So I'm trying to find the conditional posterior distributions of n given $\theta$ and x as well as $\theta$ given n and x.

These are my priors (poisson and beta)

\begin{equation*} \begin{aligned} & \pi (n) = \frac{ \mu^{n} e^{-\mu}}{n!} \\ & \pi (\theta) = \frac{1}{B(\alpha, \beta)} \theta^{\alpha-1} (1 - \theta)^{\beta-1} \end{aligned} \end{equation*}

and the likelihood function of the parameters given the data is binomial

\begin{equation*} \begin{aligned} L(n, \theta | x) = {n \choose x} \theta^{x} (1- \theta)^{n-x} \end{aligned} \end{equation*}

This is what I have for the first conditional distribution

\begin{equation*} \begin{aligned} & \pi(n | x, \theta) = \frac{\pi(n) L(n | x, \theta)}{ \int \pi(n) L(n | x,\theta) dn} \\ & \propto \pi(n) L(n | x, \theta) \\ & = \frac{ \mu^{n} e^{-\mu}}{n!} \frac{n!}{(n-x)!x!} \theta^{x} (1- \theta)^{n-x} \\ & \propto \frac{ \mu^{n} e^{-\mu}}{(n-x)!} (1- \theta)^{n-x} \\ & \propto \frac{ \mu^{n} \mu^{-x} e^{-\mu} e^{-(1- \theta)}}{(n-x)!} (1- \theta)^{n-x} \\ & = \frac{ \mu^{n-x} e^{-(\mu(1- \theta)}}{(n-x)!} (1- \theta)^{n-x} \\ & = \frac{ (\mu(1-\theta))^{n-x} e^{-(\mu(1- \theta))}}{(n-x)!} \\ \end{aligned} \end{equation*}

I know it should be in the form of x + Y where Y is a poisson random variable so I'm not sure where I'm going wrong.

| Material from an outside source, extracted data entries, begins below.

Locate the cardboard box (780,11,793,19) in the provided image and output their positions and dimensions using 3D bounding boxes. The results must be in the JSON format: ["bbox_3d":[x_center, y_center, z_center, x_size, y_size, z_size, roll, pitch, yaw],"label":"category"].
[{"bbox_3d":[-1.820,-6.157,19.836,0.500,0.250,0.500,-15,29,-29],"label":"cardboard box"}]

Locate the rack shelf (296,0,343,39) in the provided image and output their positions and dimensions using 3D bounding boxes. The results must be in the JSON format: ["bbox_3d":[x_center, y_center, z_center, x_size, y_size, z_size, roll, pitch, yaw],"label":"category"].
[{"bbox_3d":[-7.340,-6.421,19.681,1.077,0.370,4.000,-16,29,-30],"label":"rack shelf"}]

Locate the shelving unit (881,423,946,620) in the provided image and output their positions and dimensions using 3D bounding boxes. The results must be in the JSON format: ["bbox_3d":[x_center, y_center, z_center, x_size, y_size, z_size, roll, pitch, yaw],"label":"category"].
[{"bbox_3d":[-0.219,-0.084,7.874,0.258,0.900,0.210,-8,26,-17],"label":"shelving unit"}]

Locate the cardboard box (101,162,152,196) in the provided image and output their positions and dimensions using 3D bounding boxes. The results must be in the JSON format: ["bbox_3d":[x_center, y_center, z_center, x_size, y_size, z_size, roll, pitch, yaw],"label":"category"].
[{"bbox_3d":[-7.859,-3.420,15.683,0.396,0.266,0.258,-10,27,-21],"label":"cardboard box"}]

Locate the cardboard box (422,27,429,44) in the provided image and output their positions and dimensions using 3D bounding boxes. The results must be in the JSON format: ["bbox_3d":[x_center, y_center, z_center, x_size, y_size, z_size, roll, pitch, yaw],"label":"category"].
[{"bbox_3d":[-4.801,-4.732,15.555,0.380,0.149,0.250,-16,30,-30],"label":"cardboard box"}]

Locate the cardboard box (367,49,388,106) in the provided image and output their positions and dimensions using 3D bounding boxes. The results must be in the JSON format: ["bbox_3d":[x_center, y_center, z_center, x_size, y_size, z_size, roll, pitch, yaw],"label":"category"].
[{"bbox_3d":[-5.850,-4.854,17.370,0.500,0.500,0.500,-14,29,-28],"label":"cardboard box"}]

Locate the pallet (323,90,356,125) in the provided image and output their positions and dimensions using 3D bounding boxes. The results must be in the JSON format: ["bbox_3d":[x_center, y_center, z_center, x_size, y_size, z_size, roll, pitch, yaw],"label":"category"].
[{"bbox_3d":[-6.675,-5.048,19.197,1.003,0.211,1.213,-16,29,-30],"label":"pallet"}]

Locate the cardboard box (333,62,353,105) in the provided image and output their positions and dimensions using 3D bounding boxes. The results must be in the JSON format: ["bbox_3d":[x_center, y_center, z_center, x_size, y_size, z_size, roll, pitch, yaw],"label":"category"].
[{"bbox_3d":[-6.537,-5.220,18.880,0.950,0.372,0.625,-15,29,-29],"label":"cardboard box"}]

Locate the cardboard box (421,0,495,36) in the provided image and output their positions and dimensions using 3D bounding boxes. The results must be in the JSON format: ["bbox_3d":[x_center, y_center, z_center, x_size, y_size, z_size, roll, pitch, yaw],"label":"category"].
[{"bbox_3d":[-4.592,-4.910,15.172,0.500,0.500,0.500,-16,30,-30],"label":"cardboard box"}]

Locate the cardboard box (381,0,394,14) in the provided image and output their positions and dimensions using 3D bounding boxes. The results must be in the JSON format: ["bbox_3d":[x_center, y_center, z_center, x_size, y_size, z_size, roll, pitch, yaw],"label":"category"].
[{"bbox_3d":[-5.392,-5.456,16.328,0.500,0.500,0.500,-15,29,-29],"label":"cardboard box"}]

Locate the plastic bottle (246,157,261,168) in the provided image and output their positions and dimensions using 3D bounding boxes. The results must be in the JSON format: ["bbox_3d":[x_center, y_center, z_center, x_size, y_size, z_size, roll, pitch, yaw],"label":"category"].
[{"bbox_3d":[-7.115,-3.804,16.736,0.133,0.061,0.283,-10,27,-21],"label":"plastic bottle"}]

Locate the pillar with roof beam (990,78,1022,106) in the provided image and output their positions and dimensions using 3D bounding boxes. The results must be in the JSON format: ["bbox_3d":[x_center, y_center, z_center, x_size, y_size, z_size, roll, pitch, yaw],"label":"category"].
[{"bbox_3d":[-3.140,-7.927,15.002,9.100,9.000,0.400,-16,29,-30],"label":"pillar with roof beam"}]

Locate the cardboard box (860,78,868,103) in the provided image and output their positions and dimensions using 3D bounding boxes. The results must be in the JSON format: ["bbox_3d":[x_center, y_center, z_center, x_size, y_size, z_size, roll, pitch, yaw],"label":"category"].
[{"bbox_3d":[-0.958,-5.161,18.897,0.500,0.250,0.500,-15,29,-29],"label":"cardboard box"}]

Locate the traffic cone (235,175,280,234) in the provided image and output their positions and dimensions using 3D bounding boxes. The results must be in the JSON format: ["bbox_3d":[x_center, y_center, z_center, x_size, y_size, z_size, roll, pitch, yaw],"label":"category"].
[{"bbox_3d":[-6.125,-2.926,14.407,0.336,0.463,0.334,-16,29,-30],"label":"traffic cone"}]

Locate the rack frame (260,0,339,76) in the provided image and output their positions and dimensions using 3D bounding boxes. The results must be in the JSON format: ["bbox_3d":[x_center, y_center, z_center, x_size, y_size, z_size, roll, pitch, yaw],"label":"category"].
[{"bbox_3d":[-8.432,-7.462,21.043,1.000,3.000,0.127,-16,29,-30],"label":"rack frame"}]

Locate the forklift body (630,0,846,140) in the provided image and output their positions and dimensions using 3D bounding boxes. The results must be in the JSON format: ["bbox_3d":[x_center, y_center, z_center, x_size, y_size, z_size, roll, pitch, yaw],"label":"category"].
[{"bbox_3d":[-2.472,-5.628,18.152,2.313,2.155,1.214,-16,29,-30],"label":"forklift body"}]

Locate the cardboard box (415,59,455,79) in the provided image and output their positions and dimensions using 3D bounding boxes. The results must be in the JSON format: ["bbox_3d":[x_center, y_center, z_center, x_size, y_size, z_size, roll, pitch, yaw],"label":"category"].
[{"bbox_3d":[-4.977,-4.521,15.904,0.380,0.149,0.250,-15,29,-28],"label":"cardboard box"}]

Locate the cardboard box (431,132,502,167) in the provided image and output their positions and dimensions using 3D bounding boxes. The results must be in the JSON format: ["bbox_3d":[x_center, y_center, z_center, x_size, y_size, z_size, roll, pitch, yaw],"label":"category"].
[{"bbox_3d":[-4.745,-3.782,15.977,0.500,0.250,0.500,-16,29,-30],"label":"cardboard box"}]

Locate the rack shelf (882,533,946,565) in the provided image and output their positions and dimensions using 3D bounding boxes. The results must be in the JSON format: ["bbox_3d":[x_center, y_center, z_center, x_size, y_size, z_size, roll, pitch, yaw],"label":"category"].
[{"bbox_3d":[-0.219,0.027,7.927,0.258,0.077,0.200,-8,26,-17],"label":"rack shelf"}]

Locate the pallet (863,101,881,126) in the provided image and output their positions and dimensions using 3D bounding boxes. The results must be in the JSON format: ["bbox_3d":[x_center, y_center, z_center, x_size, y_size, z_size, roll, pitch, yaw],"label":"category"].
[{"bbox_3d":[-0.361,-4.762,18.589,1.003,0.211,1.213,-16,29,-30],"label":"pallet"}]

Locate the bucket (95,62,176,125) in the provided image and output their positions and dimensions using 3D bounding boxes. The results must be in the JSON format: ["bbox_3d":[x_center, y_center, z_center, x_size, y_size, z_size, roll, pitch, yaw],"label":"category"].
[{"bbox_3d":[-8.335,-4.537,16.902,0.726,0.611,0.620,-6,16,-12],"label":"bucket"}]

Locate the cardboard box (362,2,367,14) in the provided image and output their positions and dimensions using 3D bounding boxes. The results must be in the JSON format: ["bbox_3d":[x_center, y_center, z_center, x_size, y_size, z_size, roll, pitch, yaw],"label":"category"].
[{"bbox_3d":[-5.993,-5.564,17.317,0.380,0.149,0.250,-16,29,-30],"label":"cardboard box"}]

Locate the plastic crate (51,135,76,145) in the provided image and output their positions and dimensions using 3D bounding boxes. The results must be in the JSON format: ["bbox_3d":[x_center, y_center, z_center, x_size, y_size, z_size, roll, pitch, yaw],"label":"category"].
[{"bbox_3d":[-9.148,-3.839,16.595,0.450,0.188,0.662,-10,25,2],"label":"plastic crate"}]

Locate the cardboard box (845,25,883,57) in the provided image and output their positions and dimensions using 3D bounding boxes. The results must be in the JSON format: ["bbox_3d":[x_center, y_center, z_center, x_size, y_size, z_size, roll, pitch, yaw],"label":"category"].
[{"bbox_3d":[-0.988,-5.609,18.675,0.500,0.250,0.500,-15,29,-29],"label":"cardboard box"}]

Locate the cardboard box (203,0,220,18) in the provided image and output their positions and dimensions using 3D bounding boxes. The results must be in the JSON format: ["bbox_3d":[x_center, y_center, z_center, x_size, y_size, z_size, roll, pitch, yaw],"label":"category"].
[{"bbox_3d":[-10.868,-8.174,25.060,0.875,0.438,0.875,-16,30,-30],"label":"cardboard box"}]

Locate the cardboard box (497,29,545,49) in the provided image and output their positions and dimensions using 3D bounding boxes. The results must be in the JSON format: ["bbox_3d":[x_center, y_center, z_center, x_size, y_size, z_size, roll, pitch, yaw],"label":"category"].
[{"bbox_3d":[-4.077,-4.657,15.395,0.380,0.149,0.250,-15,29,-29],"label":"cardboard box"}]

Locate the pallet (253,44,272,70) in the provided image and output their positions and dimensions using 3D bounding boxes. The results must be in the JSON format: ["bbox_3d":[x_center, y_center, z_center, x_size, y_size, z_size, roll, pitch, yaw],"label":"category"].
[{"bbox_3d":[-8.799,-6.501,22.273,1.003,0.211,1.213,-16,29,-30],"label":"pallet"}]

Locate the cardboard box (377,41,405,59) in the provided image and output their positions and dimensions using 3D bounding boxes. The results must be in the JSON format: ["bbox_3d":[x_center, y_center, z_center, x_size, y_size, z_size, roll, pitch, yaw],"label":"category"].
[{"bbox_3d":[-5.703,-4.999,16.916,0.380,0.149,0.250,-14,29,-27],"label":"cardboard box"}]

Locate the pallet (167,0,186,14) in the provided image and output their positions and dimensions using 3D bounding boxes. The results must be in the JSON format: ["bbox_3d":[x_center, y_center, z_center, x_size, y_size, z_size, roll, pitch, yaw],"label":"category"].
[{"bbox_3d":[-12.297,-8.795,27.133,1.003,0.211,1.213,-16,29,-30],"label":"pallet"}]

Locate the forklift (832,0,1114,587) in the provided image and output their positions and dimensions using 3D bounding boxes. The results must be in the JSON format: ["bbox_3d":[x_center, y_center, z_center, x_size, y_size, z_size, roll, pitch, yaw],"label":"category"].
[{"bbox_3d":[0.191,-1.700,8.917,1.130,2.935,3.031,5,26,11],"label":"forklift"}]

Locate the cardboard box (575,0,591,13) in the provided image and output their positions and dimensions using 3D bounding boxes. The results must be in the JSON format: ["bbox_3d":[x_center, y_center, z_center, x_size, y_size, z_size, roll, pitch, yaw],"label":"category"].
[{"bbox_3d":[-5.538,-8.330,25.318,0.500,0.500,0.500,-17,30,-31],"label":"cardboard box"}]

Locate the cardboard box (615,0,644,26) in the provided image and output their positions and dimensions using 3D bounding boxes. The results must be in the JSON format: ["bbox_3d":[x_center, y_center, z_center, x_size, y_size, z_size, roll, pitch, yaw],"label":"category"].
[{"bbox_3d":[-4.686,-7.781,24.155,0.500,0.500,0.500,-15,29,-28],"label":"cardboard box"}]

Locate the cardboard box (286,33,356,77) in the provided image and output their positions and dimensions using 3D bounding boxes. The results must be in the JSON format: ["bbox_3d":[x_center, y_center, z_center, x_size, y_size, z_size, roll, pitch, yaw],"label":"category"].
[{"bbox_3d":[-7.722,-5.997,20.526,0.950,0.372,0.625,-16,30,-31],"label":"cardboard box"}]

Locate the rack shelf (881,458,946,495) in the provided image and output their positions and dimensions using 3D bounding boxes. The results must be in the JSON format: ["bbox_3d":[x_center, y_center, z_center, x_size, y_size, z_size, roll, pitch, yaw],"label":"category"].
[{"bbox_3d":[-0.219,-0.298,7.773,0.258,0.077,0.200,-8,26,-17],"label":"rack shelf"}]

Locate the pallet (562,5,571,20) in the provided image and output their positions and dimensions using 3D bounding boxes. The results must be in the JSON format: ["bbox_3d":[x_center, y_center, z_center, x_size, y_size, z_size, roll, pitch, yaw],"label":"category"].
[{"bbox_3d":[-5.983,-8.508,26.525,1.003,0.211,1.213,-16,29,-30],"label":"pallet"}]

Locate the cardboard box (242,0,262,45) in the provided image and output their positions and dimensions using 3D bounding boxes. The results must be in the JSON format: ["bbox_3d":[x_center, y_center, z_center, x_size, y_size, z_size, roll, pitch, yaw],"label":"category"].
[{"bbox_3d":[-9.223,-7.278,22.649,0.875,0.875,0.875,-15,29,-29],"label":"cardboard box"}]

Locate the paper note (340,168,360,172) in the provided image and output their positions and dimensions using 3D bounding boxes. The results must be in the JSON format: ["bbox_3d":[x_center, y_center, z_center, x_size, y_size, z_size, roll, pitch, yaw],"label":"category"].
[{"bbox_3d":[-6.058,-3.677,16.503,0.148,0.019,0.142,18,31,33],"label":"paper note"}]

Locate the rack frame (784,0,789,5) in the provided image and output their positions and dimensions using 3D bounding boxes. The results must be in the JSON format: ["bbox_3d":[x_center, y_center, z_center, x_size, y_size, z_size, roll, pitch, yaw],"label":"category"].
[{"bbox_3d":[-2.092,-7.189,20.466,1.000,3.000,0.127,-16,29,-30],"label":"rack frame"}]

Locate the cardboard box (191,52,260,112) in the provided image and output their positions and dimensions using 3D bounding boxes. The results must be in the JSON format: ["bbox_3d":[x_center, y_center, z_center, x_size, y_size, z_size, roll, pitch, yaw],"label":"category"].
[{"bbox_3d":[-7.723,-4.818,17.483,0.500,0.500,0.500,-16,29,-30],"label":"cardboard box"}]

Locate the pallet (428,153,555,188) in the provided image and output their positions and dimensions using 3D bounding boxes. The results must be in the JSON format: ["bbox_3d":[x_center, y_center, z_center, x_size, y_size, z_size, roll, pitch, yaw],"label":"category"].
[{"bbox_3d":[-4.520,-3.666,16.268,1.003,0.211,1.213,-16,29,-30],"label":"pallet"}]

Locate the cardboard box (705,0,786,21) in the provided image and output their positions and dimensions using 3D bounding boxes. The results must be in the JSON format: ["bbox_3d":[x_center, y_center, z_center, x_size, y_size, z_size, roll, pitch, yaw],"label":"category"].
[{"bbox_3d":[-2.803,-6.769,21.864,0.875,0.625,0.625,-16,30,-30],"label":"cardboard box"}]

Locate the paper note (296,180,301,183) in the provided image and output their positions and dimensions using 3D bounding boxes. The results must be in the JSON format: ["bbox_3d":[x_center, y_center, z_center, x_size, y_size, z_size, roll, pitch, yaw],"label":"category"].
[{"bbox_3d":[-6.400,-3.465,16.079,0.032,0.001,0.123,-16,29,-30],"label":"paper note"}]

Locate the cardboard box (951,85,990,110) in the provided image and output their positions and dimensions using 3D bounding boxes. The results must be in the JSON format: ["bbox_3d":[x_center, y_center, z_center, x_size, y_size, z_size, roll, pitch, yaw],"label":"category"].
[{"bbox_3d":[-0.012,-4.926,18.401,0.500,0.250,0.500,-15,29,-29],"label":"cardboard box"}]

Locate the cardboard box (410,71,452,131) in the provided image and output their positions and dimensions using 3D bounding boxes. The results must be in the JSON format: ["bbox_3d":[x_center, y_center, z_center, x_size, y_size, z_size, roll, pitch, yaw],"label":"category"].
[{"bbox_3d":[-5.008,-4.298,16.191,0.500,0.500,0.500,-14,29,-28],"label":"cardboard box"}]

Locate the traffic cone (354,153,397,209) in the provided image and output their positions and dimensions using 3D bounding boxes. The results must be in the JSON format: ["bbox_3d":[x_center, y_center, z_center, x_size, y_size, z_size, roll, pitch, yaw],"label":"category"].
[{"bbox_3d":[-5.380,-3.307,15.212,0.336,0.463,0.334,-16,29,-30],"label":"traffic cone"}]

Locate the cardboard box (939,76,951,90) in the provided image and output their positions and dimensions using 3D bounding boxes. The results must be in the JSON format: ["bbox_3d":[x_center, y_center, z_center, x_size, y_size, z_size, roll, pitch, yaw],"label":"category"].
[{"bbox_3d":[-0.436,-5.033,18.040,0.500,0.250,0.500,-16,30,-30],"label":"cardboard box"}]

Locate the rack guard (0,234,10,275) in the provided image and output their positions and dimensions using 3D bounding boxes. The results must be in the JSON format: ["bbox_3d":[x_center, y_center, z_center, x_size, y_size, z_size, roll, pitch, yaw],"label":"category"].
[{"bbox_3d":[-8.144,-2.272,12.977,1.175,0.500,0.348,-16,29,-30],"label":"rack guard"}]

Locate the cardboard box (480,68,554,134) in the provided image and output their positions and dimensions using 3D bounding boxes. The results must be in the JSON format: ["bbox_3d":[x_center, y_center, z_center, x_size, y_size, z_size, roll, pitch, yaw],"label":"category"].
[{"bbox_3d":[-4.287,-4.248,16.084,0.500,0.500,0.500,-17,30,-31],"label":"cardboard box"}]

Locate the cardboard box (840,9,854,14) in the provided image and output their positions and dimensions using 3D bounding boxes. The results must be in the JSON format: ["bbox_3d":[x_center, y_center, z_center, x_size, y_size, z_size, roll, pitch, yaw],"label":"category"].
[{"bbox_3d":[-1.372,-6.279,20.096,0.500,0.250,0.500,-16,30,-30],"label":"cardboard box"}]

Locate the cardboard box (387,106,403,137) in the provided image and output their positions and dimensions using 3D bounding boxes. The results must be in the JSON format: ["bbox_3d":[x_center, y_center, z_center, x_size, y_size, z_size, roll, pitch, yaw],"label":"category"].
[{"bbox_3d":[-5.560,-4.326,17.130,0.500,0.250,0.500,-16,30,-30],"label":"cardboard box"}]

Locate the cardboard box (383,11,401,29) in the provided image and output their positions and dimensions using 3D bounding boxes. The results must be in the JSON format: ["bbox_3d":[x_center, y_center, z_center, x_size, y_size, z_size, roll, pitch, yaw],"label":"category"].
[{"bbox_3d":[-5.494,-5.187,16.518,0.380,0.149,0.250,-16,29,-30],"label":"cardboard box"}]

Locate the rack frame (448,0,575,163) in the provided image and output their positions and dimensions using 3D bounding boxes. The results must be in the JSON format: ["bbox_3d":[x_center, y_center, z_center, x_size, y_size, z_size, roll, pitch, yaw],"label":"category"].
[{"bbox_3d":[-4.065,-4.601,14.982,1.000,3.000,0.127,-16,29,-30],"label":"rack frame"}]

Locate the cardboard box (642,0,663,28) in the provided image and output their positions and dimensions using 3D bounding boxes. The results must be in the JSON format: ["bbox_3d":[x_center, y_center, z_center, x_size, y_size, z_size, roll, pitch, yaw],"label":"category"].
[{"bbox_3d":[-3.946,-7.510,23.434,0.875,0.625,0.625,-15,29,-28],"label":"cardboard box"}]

For my second conditional distribution I have

\begin{equation*} \begin{aligned} & \pi(\theta | x, n) = \frac{\pi(\theta) L(\theta | x, n)}{ \int \pi(\theta) L(\theta | x,n) d\theta} \\ & \propto \pi(\theta) L(\theta | x, n) \\ & = \frac{1}{B(\alpha, \beta)} \theta^{\alpha-1} (1 - \theta)^{\beta-1} \frac{n!}{(n-x)!x!} \theta^{x} (1- \theta)^{n-x} \\ & \propto \frac{1}{B(\alpha+x, \beta + n - x)} \theta^{\alpha + x -1} (1 - \theta)^{\beta + n - x -1} \end{aligned} \end{equation*}

which I think is right because I know it should be some kind of beta distribution.


1 Answer 1


Firstly, let's correct some notational mistakes: $L(n,\theta|x)$ is $p(x|n,\theta)$, but in the third line of the derivation of $\pi(n|x,\theta)$, you substitute the expansion of $L(n,\theta|x)$ in place of $L(n|x,\theta)$. However, since in terms of $n$, we have $L(n|x,\theta)=p(x,\theta|n)=p(x|\theta,n)p(\theta|n)=L(\theta,n|x)\pi(\theta)\propto L(\theta,n|x)$ what you've substituted is correct with $\propto$ argument present (not with $=$).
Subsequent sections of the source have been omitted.